3. Preparation and Maintenance of 3D Sphere Cocultures

  1. Dissociate hAstros from 3D aggregates in suspension (as described in step 2.1.5.1).
  2. Dissociate hNeurons or iNeurons from a 2D monolayer.
    1. Remove media from 6-well plate and add 500 µL of detachment solution to each well containing monolayer cultures. Incubate at 37 °C for 5 min. Gently add 2-3 mL DMEM/F12 to remove attached cells.
    2. Collect cells and media in a 15 mL conical tube and centrifuge at 300 x g for 1 min. Aspirate the supernatant, add 1 mL of fresh media, and pipette up and down gently with a 1,000 µL micropipette to achieve a single cell suspension.
  3. Form 3D spheres using microwell culture plates.
    1. Prepare plate by adding 0.5 mL of anti-adherence rinsing solution to each well of the microwell plate. Centrifuge plate at 2,000 x g for 5 min. Aspirate rinsing solution, add 1 mL of DMEM/F12 to each well to wash, and aspirate again.
      NOTE: Always ensure that the centrifuge is balanced during use.
    2. Count each cell type using a hemocytometer or automated cell counter. Add desired ratio of dissociated hAstros and hNeurons or iNeurons to each well in a total volume of 2 mL of NM + Y (include Dox if iNeurons are utilized). Centrifuge plate at 100 x g for 3 min and return to the incubator.
      NOTE: 24-well microwell plates (see the Table of Materials) contain 300 microwells per well. Add a minimum of 6 x 105 cells (for spheres of 2 x 103 cells each) and a maximum of 6 x 106 cells (for spheres of 2 x 104 cells each) in 2 mL of media per well. For viable spheres of a specific density within this range, use a defined quantity of cells and divide by 300 to calculate the number of cells per sphere. Alternative sphere forming methods and tools may also be utilized if desired.

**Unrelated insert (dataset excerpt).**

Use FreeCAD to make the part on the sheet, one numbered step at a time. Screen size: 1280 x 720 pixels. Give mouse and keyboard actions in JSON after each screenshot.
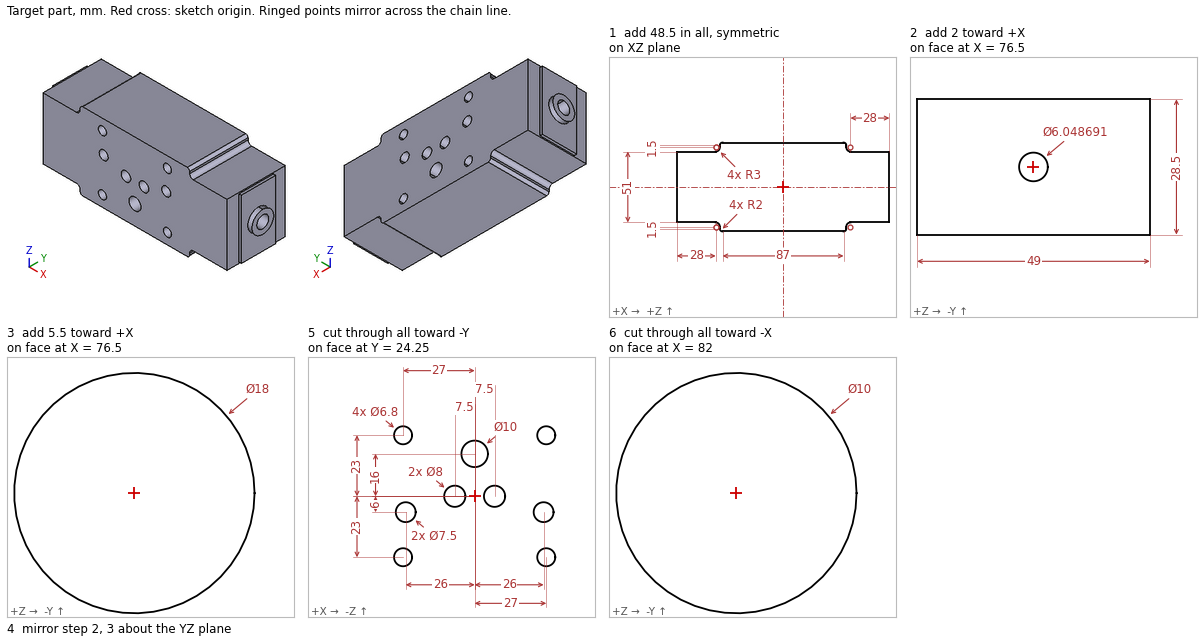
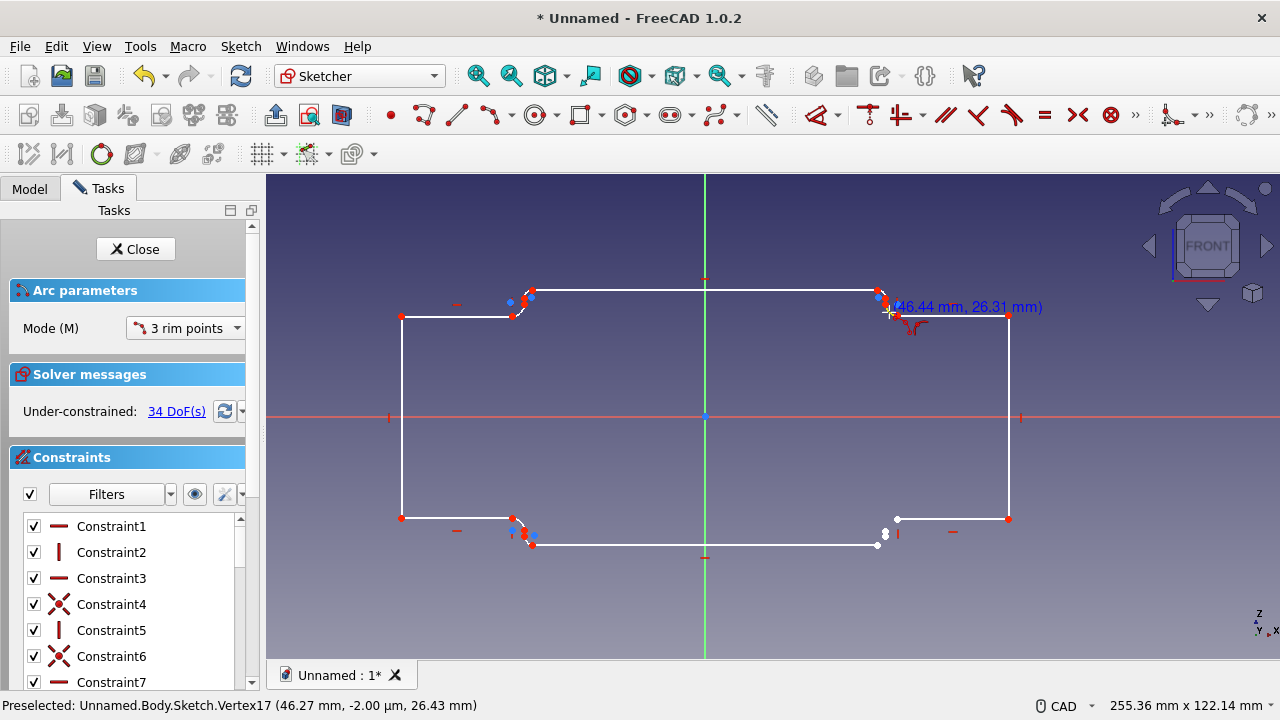
{"action": "left_click", "coordinate": [898, 519]}

Follow manufacturer’s instructions for acceptable ranges of cell densities.
    3. Allow cells to self-assemble into densely packed spheres within microwell plates over the next 2 days (Figure 2A). Replace 50% media if the culture is yellowing.
      NOTE: Exchange only half media and pipette gently when removing and adding media in order not to disturb spheres. Spheres may lift up from microwells and fuse together with higher force.
    4. After 2 days, gently remove spheres from microwells with a 1,000 µL micropipette (Figure 1D). Lightly apply force to the bottom of microwells with media to remove any additional adhered spheres. Let spheres settle in a 15 mL conical tube, aspirate the old media, and add fresh media.
  4. Set up the spinner flask bioreactor system for forming 3D spheres.
    1. Clean the surface of a magnetic stir plate with 70% ethanol, place it into a cell culture incubator. Autoclave individual spinner flasks to sterilize.
    2. Add spheres with a minimum of 50–60 mL media to each spinner flask (Figure 1D, inset). Place the flask on the magnetic stir plate set at 60 rpm. Culture spheres in spinner flasks until they are ready for data collection.
      NOTE: A minimum of 3 weeks in culture is needed for synapse formation. If the spinner flask bioreactor system is not desired, spheres may be cultured in stationary conditions in cell culture flasks or dishes. Spheres may also be embedded in ECM or hydrogel.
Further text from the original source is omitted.